إِنَّا عَرَضۡنَا ٱلۡأَمَانَةَ عَلَى ٱلسَّمَـٰوَٲتِ وَٱلۡأَرۡضِ وَٱلۡجِبَالِ فَأَبَيۡنَ أَن يَحۡمِلۡنَہَا وَأَشۡفَقۡنَ مِنۡہَا وَحَمَلَهَا ٱلۡإِنسَـٰنُۖ إِنَّهُ ۥ كَانَ ظَلُومً۬ا جَهُولاً۬
Sesungguhnya kami telah mengemukakan amanah kepada langit, bumi dan gunung-gunung, maka semuanya enggan untuk memikul amanat itu dan mereka khawatir akan mengkhianatinya, dan dipikullah amanat itu oleh manusia. Sesungguhnya manusia itu amat zalim dan amat bodoh (QS. Al-Azhab [33] : 72)
Menurut Ibnu Abbas, amanah yang dimaksud dalam ayat diatas adalah tha'ab ; ketaatan. Dalam riwayat lain Ibnu Abbas menyebutnya al-fara'idl ; kewajiban-kewajiban. Ibnu Abbas mengilustrasikan, ketika makhluk lain menolak mengemban amanah tersebut, Allah SWT menawarkannya kepada Adam. Waktu itu Adam bertanya terlebih dahulu apa amanah itu? Allah menjawab : "Jika kau berbuat baik, kau diberi pahala, dan jika kau berbuat jelek, kau disiksa." Maka manusia pun kemudian mengemban amanah tersebut (lihat tafsir Ibnu Katsir 3 : 427).
Inilah kemudian yang menjadi hujjah Allah SWT untuk menyiksa setiap manusia yang melakukan penyimpangan, atau sebaliknya, memberikan pahala kepada orang-orang yang beriman. Makanya Allah SWT menegaskan : " Sehingga Allah mengazab orang-orang munafik laki-laki dan perempuan dan orang-orang musyrikin laki-laki dan perempuan, dan sehingga Allah menerima taubat orang-orang mukmin laki-laki dan perempuan. Dan adalah Allah maha Pengampun lagi maha Penyayang." (QS. Al-Ahzab [33] : 73)

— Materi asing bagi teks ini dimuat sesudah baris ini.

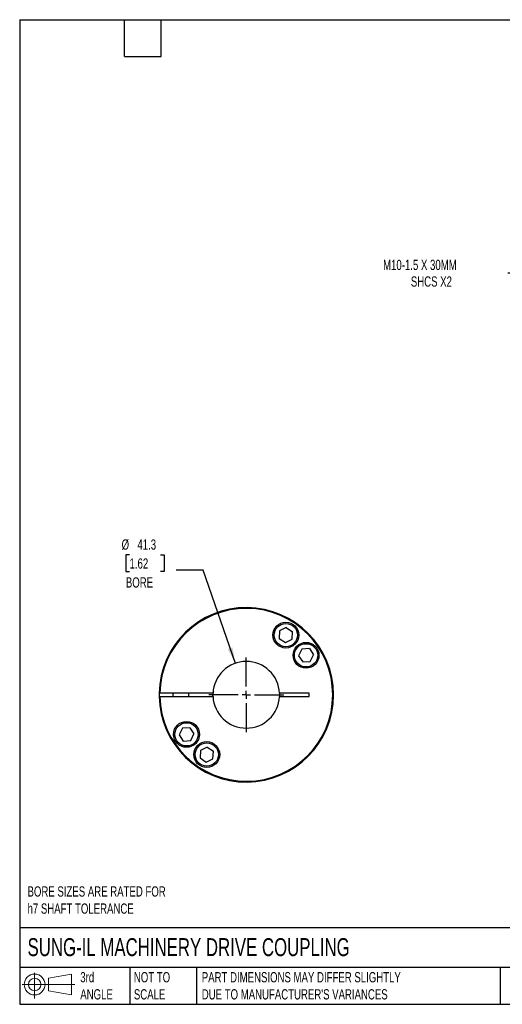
# Model space of a CAD drawing. Header units: millimetres. Extents: x 19 to 819, y 19 to 629.
# Tile 1 of 3: x 19 to 318, y 19 to 629. Entities that reach past the tile are written whole.
import ezdxf

# ---------------------------------------------------------------- set-up
doc = ezdxf.new("R2010")
doc.units = ezdxf.units.MM
doc.header["$LTSCALE"] = 3
doc.linetypes.add('SLD-Center', pattern=[19.05, 15.24, -1.27, 1.27, -1.27])
doc.linetypes.add('SLD-Solid', pattern=[0])
doc.layers.add('CENTER', color=40, linetype='SLD-Center')
doc.layers.add('SLD-DEFPOINTS', color=7, linetype='Continuous')
doc.layers.add('DIMENSIONS', color=140, linetype='SLD-Solid', lineweight=25)
doc.layers.add('TEXT', color=140, linetype='SLD-Solid', lineweight=25)
doc.styles.add('SLDTEXTSTYLE0', font='TXT', dxfattribs={"width": 0.7})
doc.dimstyles.new('SLDDIMSTYLE3', dxfattribs={"dimtxt": 6.474023, "dimasz": 9.906, "dimexe": 0, "dimexo": 0.0625, "dimgap": 1.618506, "dimtad": 0, "dimtih": 1, "dimtoh": 1, "dimdec": 1, "dimrnd": 1e-09, "dimzin": 12, "dimdsep": 46, "dimtxsty": 'SLDTEXTSTYLE0', "dimsah": 1, "dimcen": 0, "dimadec": 0, "dimazin": 3, "dimtfac": 1, "dimtdec": 1, "dimtofl": 0, "dimtmove": 0, "dimatfit": 3, "dimfxl": 0, "dimfrac": 2, "dimtolj": 1, "dimtzin": 12, "dimarcsym": 0})
doc.dimstyles.new('SLDDIMSTYLE5', dxfattribs={"dimtxt": 6.474023, "dimasz": 9.906, "dimexe": 0, "dimexo": 0.0625, "dimgap": 1.618506, "dimtad": 0, "dimtih": 1, "dimtoh": 1, "dimdec": 1, "dimrnd": 1e-09, "dimzin": 12, "dimdsep": 46, "dimtxsty": 'SLDTEXTSTYLE0', "dimsah": 1, "dimcen": 0, "dimadec": 0, "dimazin": 3, "dimtfac": 1, "dimtdec": 1, "dimtofl": 0, "dimtmove": 0, "dimatfit": 3, "dimfxl": 0, "dimfrac": 2, "dimtolj": 1, "dimtzin": 12, "dimarcsym": 0})

# ---------------------------------------------------------------- blocks, each defined once
blk = doc.blocks.new('Block11')
at = {"color": 7, "linetype": 'SLD-Solid', "lineweight": 18}
for p, q in [((7.77, 15.93), (7.77, 0)), ((16.44, 12.5), (30.53, 15.1)), ((16.44, 4.79), (16.44, 12.5)), ((30.53, 15.1), (30.53, 2.19)), ((0, 8.65), (32.62, 8.65)), ((16.44, 4.79), (30.53, 2.19))]:
    blk.add_line(p, q, dxfattribs=at)
for radius in [6.45, 3.86]:
    blk.add_circle((7.77, 8.65), radius, dxfattribs=at)
blk = doc.blocks.new('Block12')
at = {"layer": 'SLD-DEFPOINTS'}
blk.add_blockref('Block11', (0, 0), dxfattribs=at)
blk = doc.blocks.new('_D_7')
at = {"layer": 'DIMENSIONS'}
for p, q in [((374.89, 508.92), (337.79, 471.82)), ((337.79, 471.82), (321.12, 471.82))]:
    blk.add_line(p, q, dxfattribs=at)
blk.add_solid([(374.89, 508.92), (366.81, 503), (368.96, 500.84)], dxfattribs=at)
at = {"layer": 'DIMENSIONS', "char_height": 6.35, "attachment_point": 1, "style": 'SLDTEXTSTYLE0'}
for s, insert in [('M10-1.5 X 30MM', (243.95, 480.01)), ('SHCS X2', (261.15, 469.72))]:
    blk.add_mtext(s, dxfattribs=dict(at, insert=insert))
blk = doc.blocks.new('_D_8')
at = {"layer": 'DIMENSIONS'}
for p, q in [((87.02, 297.26), (84.84, 297.26)), ((84.84, 297.26), (84.84, 286.97)), ((106.25, 297.26), (108.43, 297.26)), ((108.43, 297.26), (108.43, 286.97)), ((84.84, 286.97), (87.02, 286.97)), ((108.43, 286.97), (106.25, 286.97)), ((132.57, 287.85), (115.9, 287.85)), ((152.55, 230.15), (132.57, 287.85))]:
    blk.add_line(p, q, dxfattribs=at)
blk.add_solid([(152.55, 230.15), (150.75, 240.01), (147.87, 239.01)], dxfattribs=at)
at = {"layer": 'DIMENSIONS', "char_height": 6.35, "attachment_point": 1, "style": 'SLDTEXTSTYLE0'}
for s, insert in [('%%c', (82.13, 306.89)), ('41.3', (91.9, 306.89)), ('1.62', (87.02, 295.15)), ('BORE', (84.77, 283.41))]:
    blk.add_mtext(s, dxfattribs=dict(at, insert=insert))
blk = doc.blocks.new('SW_CENTERMARKSYMBOL_3')
at = {"layer": 'CENTER', "color": 0}
for p, q in [((0, 5.08), (0, 23.1685)), ((-5.08, 0), (-23.1685, 0)), ((0, 0), (-2.54, 0)), ((0, 0), (0, 2.54)), ((0, 0), (0, -2.54)), ((0, 0), (2.54, 0)), ((5.08, 0), (23.1685, 0)), ((0, -5.08), (0, -23.1685))]:
    blk.add_line(p, q, dxfattribs=at)

msp = doc.modelspace()

# ---------------------------------------------------------------- linework, layer by layer
for p, q in [((179.93, 250.19), (179.65, 245.58)), ((184.06, 252.25), (179.93, 250.19)), ((184.06, 252.25), (187.91, 249.7)), ((179.65, 245.58), (183.5, 243.03)), ((183.5, 243.03), (187.63, 245.09)), ((187.63, 245.09), (187.91, 249.7)), ((193.74, 238.99), (191.67, 234.85)), ((198.35, 239.27), (193.74, 238.99)), ((198.35, 239.27), (200.9, 235.42)), ((191.67, 234.85), (194.22, 231)), ((198.83, 231.28), (200.9, 235.42)), ((194.22, 231), (198.83, 231.28)), ((138.7, 211.66), (105.81, 211.66)), ((105.81, 209.66), (138.7, 209.66)), ((113.8, 211.66), (113.8, 209.66)), ((123.8, 209.66), (123.8, 211.66)), ((198.3, 211.66), (179.91, 211.66)), ((179.91, 209.66), (198.3, 209.66)), ((198.3, 209.66), (198.3, 211.66)), ((119.77, 190.03), (117.71, 185.9)), ((124.38, 190.31), (119.77, 190.03)), ((124.38, 190.31), (126.93, 186.46)), ((117.71, 185.9), (120.26, 182.04)), ((124.87, 182.33), (126.93, 186.46)), ((120.26, 182.04), (124.87, 182.33)), ((135.11, 178.28), (130.97, 176.22)), ((135.11, 178.28), (138.96, 175.73)), ((130.97, 176.22), (130.69, 171.61)), ((130.69, 171.61), (134.54, 169.06)), ((134.54, 169.06), (138.68, 171.12)), ((138.68, 171.12), (138.96, 175.73))]:
    msp.add_line(p, q)
at = {"flags": 128}
for points in [[(105.31, 211.66), (105.3, 211.17), (105.31, 209.66)], [(138.7, 209.66), (138.68, 210.22), (138.7, 211.66)], [(179.91, 211.66), (179.93, 210.22), (179.91, 209.66)]]:
    msp.add_lwpolyline(points, dxfattribs=at)
for centre, radius in [((183.78, 247.64), 8), ((183.78, 247.64), 7.2), ((196.28, 235.13), 8), ((196.28, 235.13), 7.2), ((122.32, 186.18), 8), ((122.32, 186.18), 7.2), ((134.82, 173.67), 8), ((134.82, 173.67), 7.2)]:
    msp.add_circle(centre, radius)
for radius, start, end in [(54, 181.06109, 178.93891), (53.5, 181.07101, 178.92899), (20.63, 2.77859, 177.22141), (20.63, 182.77859, 357.22141)]:
    msp.add_arc((159.3, 210.66), radius, start, end)
for points in [[(105.81, 211.66), (105.68, 211.66), (105.55, 211.66), (105.37, 211.66), (105.31, 211.66), (105.31, 211.66)], [(105.31, 209.66), (105.31, 209.66), (105.37, 209.66), (105.55, 209.66), (105.68, 209.66), (105.81, 209.66)]]:
    msp.add_open_spline(points, degree=3, knots=[0, 0, 0, 0, 0.5, 0.5, 1, 1, 1, 1])
at = {"layer": 'TEXT'}
for p, q in [((19.05, 628.65), (819.15, 628.65)), ((19.05, 628.65), (19.05, 19.05)), ((83.82, 605.79), (83.82, 628.65)), ((106.68, 605.79), (106.68, 628.65)), ((83.82, 605.79), (106.68, 605.79)), ((819.15, 66.38), (19.05, 66.38)), ((819.15, 41.91), (19.05, 41.91)), ((87.13, 41.91), (87.13, 19.05)), ((128.51, 41.91), (128.51, 19.05)), ((316.45, 41.91), (316.45, 19.05)), ((19.05, 19.05), (819.15, 19.05))]:
    msp.add_line(p, q, dxfattribs=at)

# ---------------------------------------------------------------- block references
at = {"layer": 'CENTER'}
msp.add_blockref('SW_CENTERMARKSYMBOL_3', (159.3, 210.66), dxfattribs=at)
at = {"layer": 'SLD-DEFPOINTS'}
msp.add_blockref('Block12', (20.51, 22.66), dxfattribs=at)

# ---------------------------------------------------------------- texts
at = {"layer": 'TEXT', "attachment_point": 1, "style": 'SLDTEXTSTYLE0'}
for s, insert, char_height in [('BORE SIZES ARE RATED FOR^Jh7 SHAFT TOLERANCE', (23.9, 92.08), 6.35), ('SUNG-IL MACHINERY DRIVE COUPLING', (23.9, 60), 11.1125), ('3rd^JANGLE', (56.55, 38.99), 6.35), ('NOT TO^JSCALE', (89.72, 38.99), 6.35), ("PART DIMENSIONS MAY DIFFER SLIGHTLY ^JDUE TO MANUFACTURER'S VARIANCES", (131.74, 38.99), 6.35)]:
    msp.add_mtext(s, dxfattribs=dict(at, insert=insert, char_height=char_height))

# ---------------------------------------------------------------- dimensions: what is measured, and where the dimension line sits
at = {"layer": 'DIMENSIONS'}
dim = msp.add_diameter_dim_2p(p1=(384.08, 518.12), p2=(374.89, 508.92), text='M10-1.5 X 30MM\\PSHCS X2', dimstyle='SLDDIMSTYLE5', override={"dimpost": '<>'}, dxfattribs=at)
dim.commit()
dim.dimension.update_dxf_attribs({"geometry": '_D_7', "text_midpoint": (280.15, 471.82), "dimtype": 163})
dim = msp.add_diameter_dim_2p(p1=(166.05, 191.16), p2=(152.55, 230.15), text='<>\\PBORE', dimstyle='SLDDIMSTYLE3', dxfattribs=at)
dim.commit()
dim.dimension.update_dxf_attribs({"geometry": '_D_8', "text_midpoint": (96.63, 291.2), "dimtype": 163})

doc.saveas('drawing.dxf')

Ini adalah di antara potret awal kejadian manusia di periode azali yang hanya dapat ditangkap oleh wahyu. Sebagaimana diketahui, selain yang bisa ditangkap oleh wahyu, Allah SWT juga menjelaskan proses kejadian manusia yang bisa ditangkap oleh indera (lihat QS. Al-Mu'minun [23] : 12-14). Dua potret tersebut memberikan ajaran kepada setiap manusia bahwa dirinya memiliki "dua sisi" kehidupan. Selain sesosok jasad yang hidup di alam kasat mata, manusia juga seseorang yang terikat secara ruhiah dengan peraturan Allah SWT. Kehidupannya tidak hanya berkutat di alam dunia ini semata, melainkan terikat secara primordial dengan kehidupan pasca-dunia, dimana dia harus mempertanggungjawabkan seluruh amanahnya.
Konsep pertanggungjawaban "amanah" seperti ini telah menjadikan manusia satu-satunya makhluk yang harus selalu bertanggung jawab dalam setiap aspek kehidupannya. Walaupun Allah SWT telah memberikan kepadanya kebebasan untuk berpetualang di muka bumi, bahkan untuk kufur atau iman sekalipun, tetapi ingat, Allah SWT yang Maha Mengetahui sudah memberikan pedoman seperti apa kehidupan yang terbaik itu. Kalaupun kemudian manusia membangkangnya, maka manusia harus bisa mempertanggungjawabkannya sendiri di pengadilan akhirat nanti.
Keterikatan manusia dengan "amanah"-nya ini sungguh akan berdampak positif yang dahsyat sekali bagi kelangsungan kehidupannya di dunia. Hanya memang, keterikatan ini akan terabaikan jika tu'tsirunal-hayatad-dunya ; kehdupan dunia yang dijadikan prioritas utama. Walaupun begitu, ini tetap saja tidak bisa dijadikan alasan oleh manusia, karena amanah sudah terlanjur diberikan!